Les textes de Paul et ceux des pères, presque aussi sacrés les uns que les autres, arrêtaient comme des barrières, infranchissables les essais d’explication les plus plausibles. L’autorité surtout d’Augustin fut immense ; son travail infatigable, son génie subtil et passionné, le rendirent maître de tous les esprits. Les tentatives de Pelage ou de ses disciples contre la grâce, en faveur de la liberté, furent repoussées par lui avec une force qui rendit sa victoire décisive et sans retour. Sa parole fut souveraine dans l’église comme l’Écriture même, et voici une prière qu’un pieux abbé du moyen âge adressait à Dieu à la messe de la fête de Saint-Augustin et que Bossuet, en la citant, s’est appropriée[1] :

« Je vous prie, Seigneur, de me donner par les intercessions et les mérites de ce saint ce que je ne pourrais obtenir par les miens, qui est que, sur la divinité et l’humanité de Jésus-Christ, je pense ce qu’il a pensé, je sache ce qu’il a su, j’entende ce qu’il a entendu, je croie ce qu’il a cru, j’aime ce qu’il a aimé, je prêche ce qu’il a prêché. » Il aurait dit sans doute la même chose sur la question de la grâce[2].

On a vu déjà que Jansénius s’était couvert de ce patronage, et si ce grand nom ne suffit pas pour protéger son livre, il a suffi du moins pour empêcher l’église d’adopter la doctrine de Molina.

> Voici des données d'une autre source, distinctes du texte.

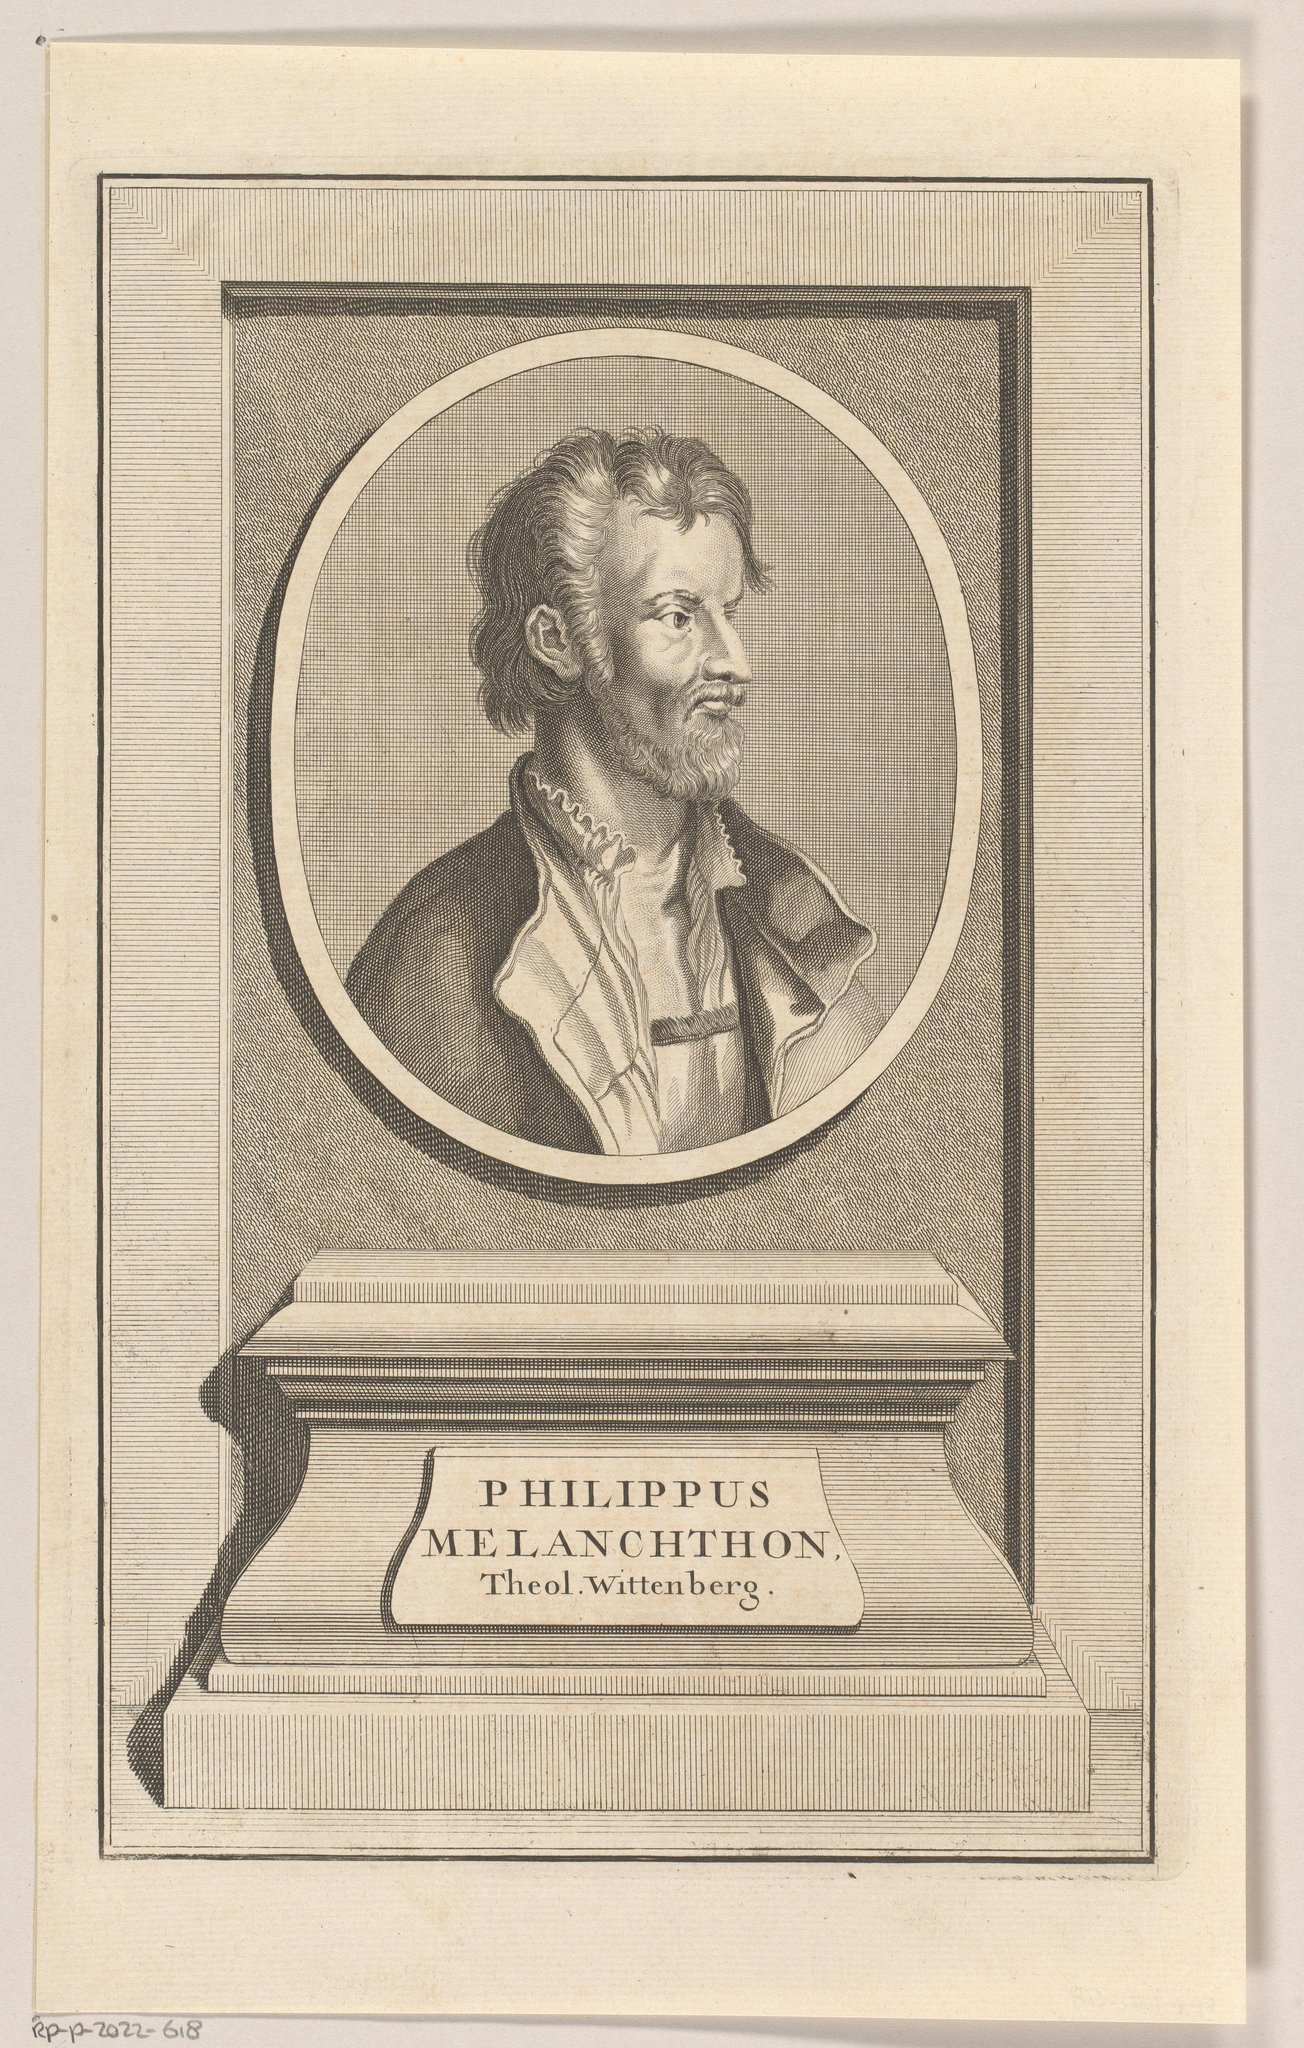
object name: print
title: Portret van Philipp Melanchthon
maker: Anonymous
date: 1600-1800
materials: paper
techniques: engraving, etching
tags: theologian, historical persons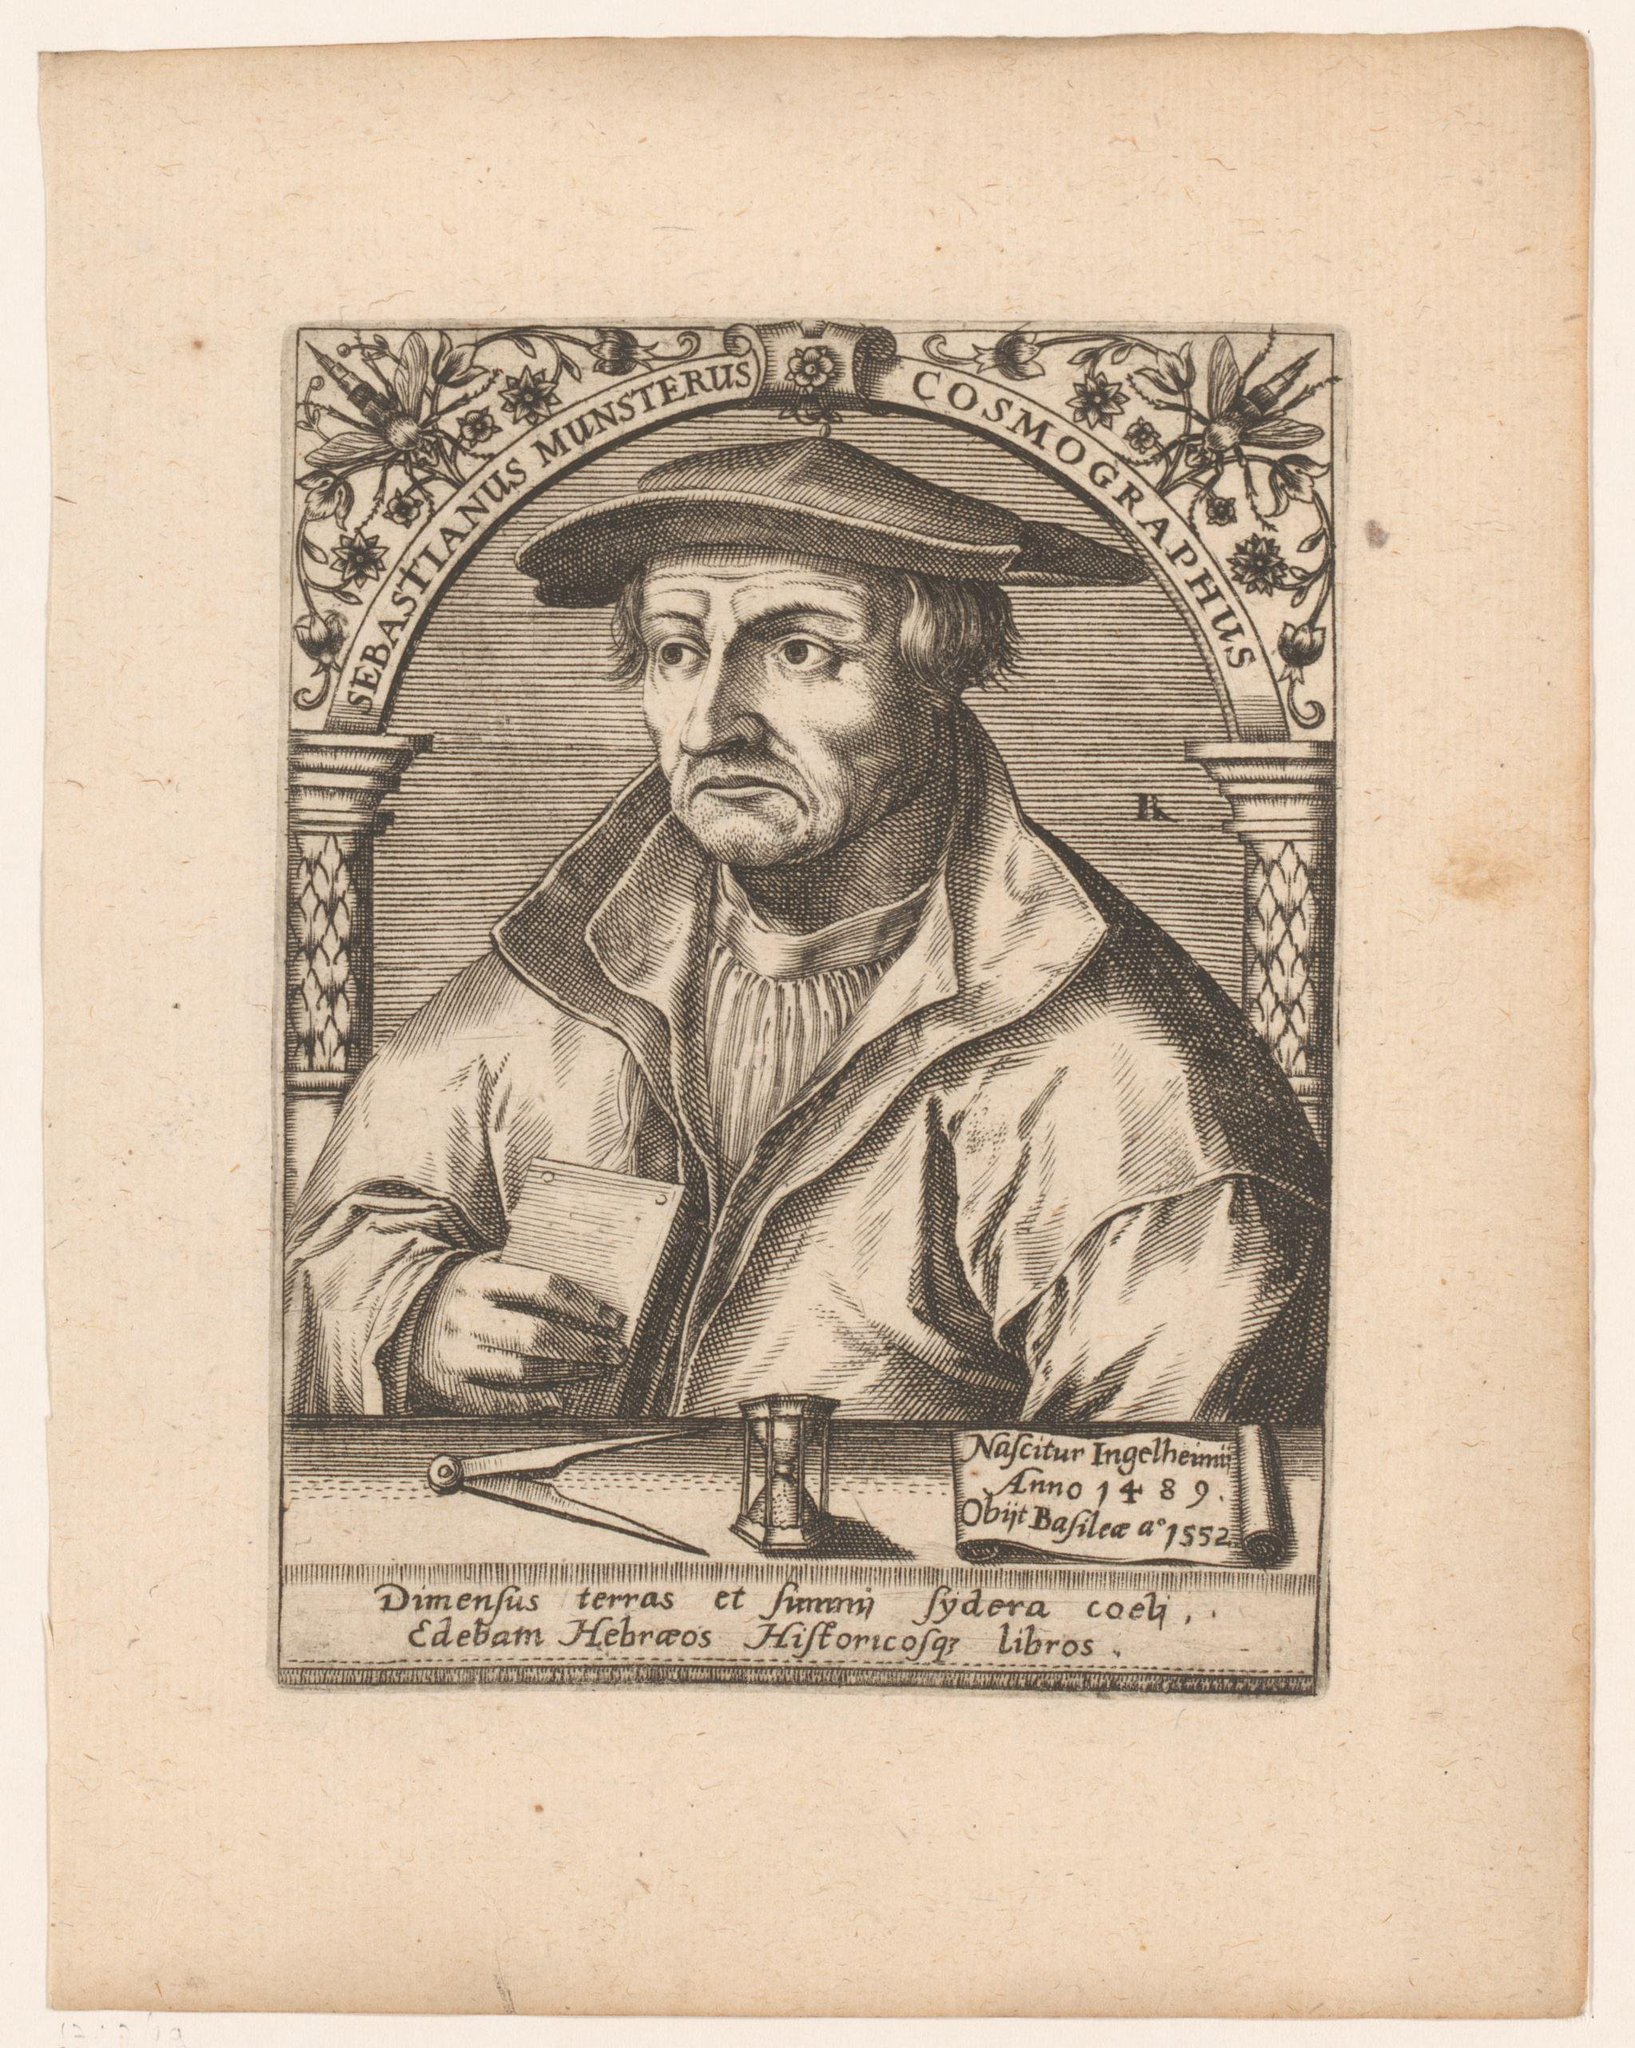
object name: print
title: Sebastianus Munsterus cosmographus
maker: robert boissard
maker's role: print maker
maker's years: 1570-1611
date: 1597-1599
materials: paper
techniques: engraving
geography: france
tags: historical persons, book, hourglass, insects: fly
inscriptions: collector's mark: Lugt 2228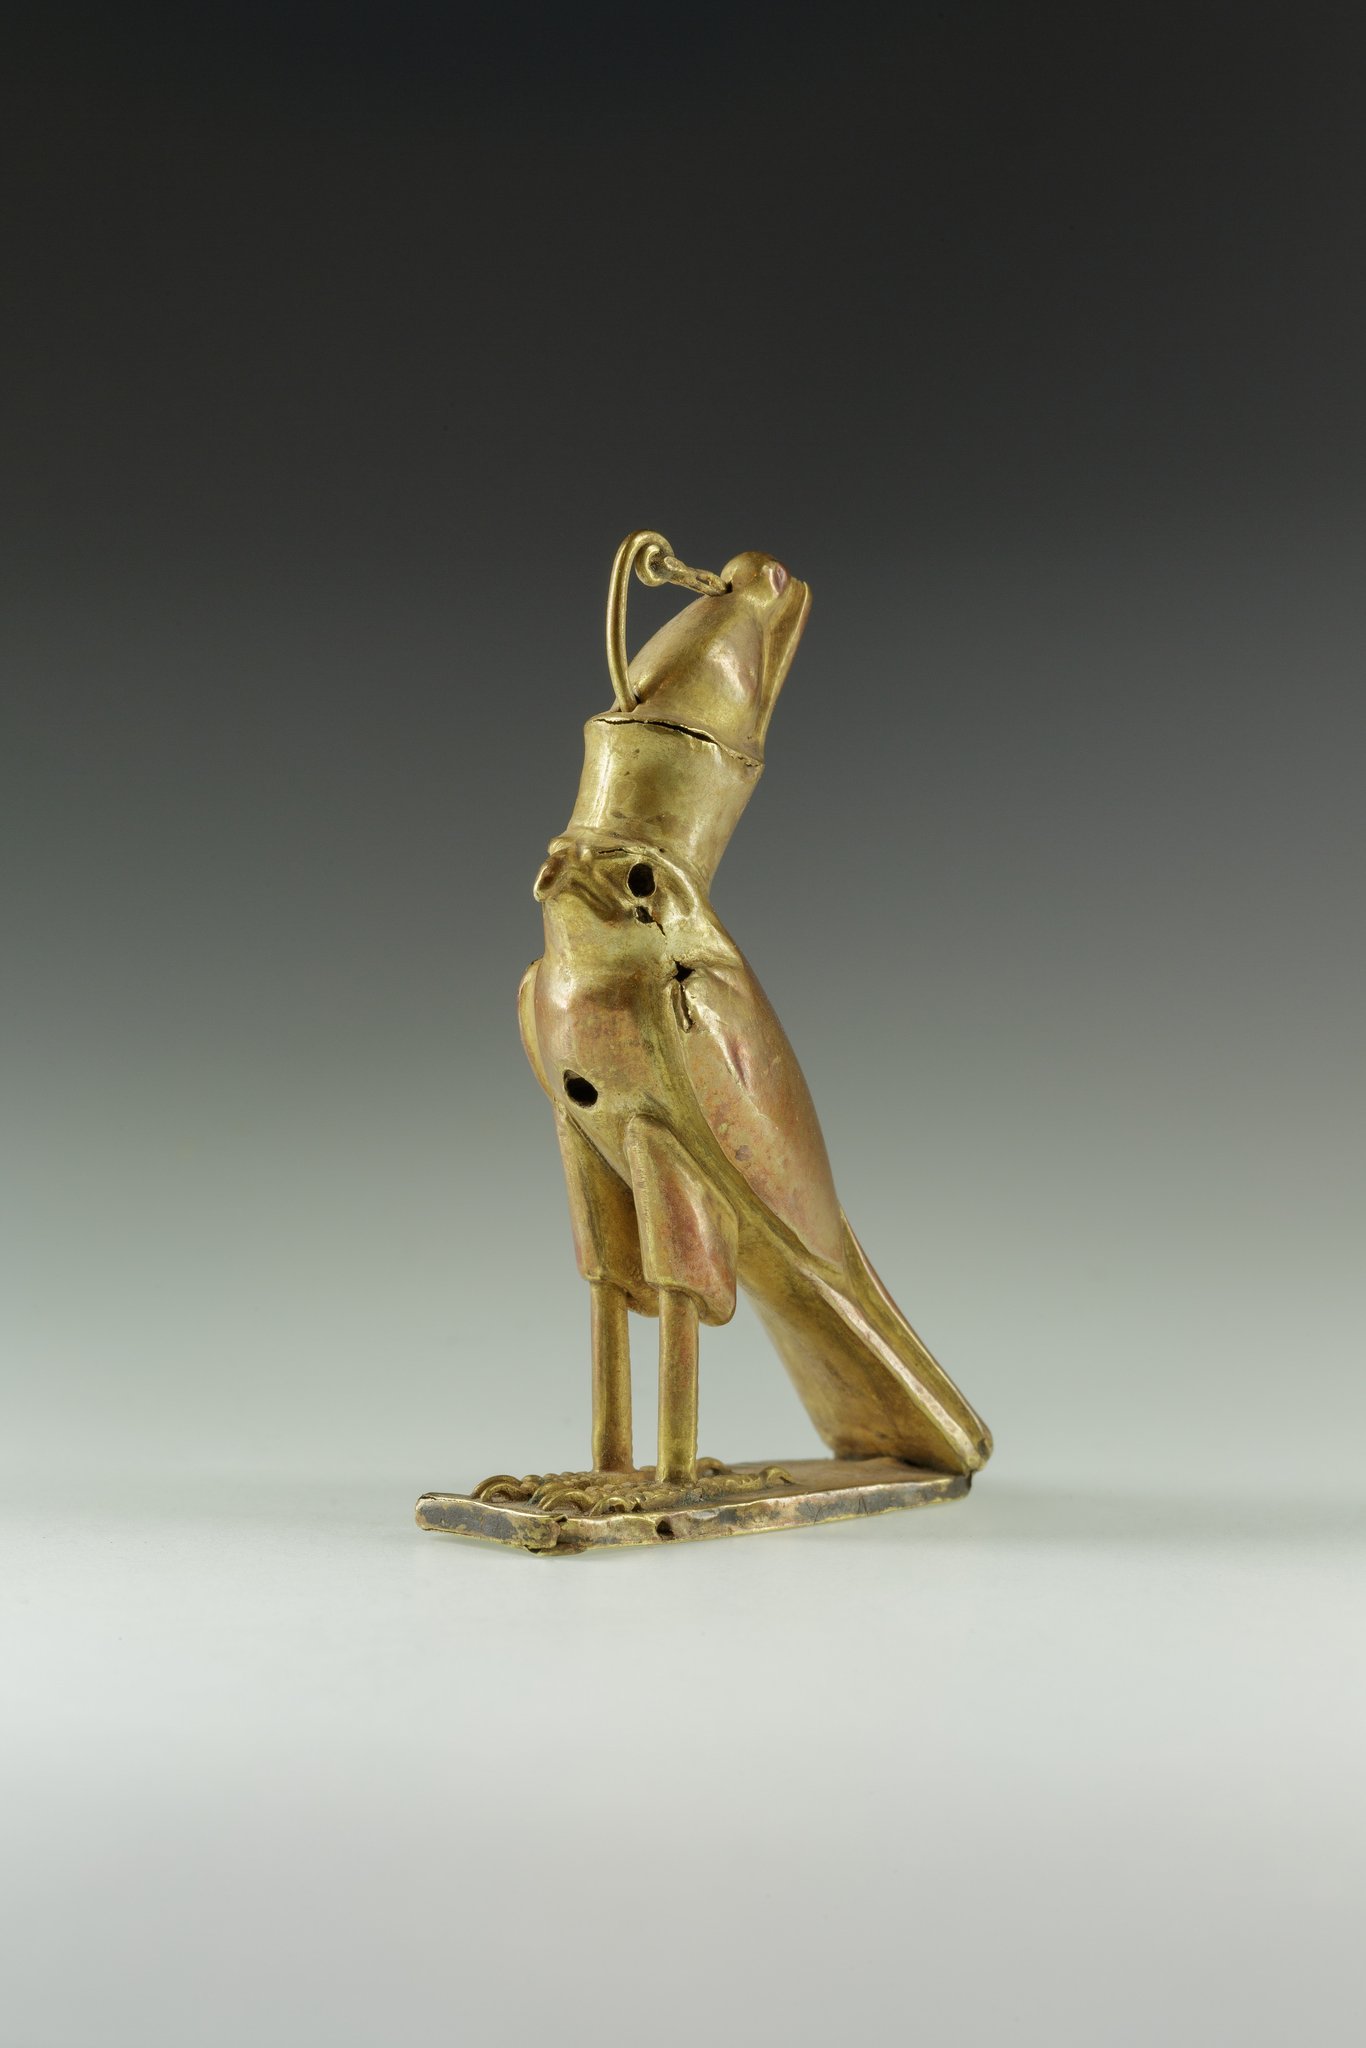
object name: amulet, horus falcon
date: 664-332 BCE
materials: gold
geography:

Et c’est là ce qui faisait la force du jansénisme, même parmi les gens du monde. Ainsi Mme de Sévigné écrivait à sa fille (9 juin 1680) : « Je lis des livres de dévotion, parce que je voulais me préparer à recevoir le Saint-Esprit… ; mais il souffle où il lui plaît, et c’est lui-même qui prépare les cœurs où il veut habiter ; c’est lui qui prie en nous par des gémissemens ineffables. (Rom., VIII, 26.) C’est saint Augustin qui m’a dit tout cela : je le trouve bien janséniste et saint Paul aussi. Les jésuites ont un fantôme qu’ils appellent Jansénius, auquel ils disent mille injures et ne font pas semblant de voir où cela remonte. » Et encore (14 juillet) : « Vous lisez donc saint Paul et saint Augustin ? Voilà les bons ouvriers pour rétablir la souveraine volonté de Dieu. Ils ne marchandent point à dire que Dieu dispose de ses créatures comme le potier ; il en choisit, il en rejette : ils ne sont point en peine de faire des

  1. Gaudar, Bossuet orateur, 1867, page 101.
  2. Défense de la tradition et des saints pères, XII, 33, dans les Œuvres complètes, t. II, p. 325.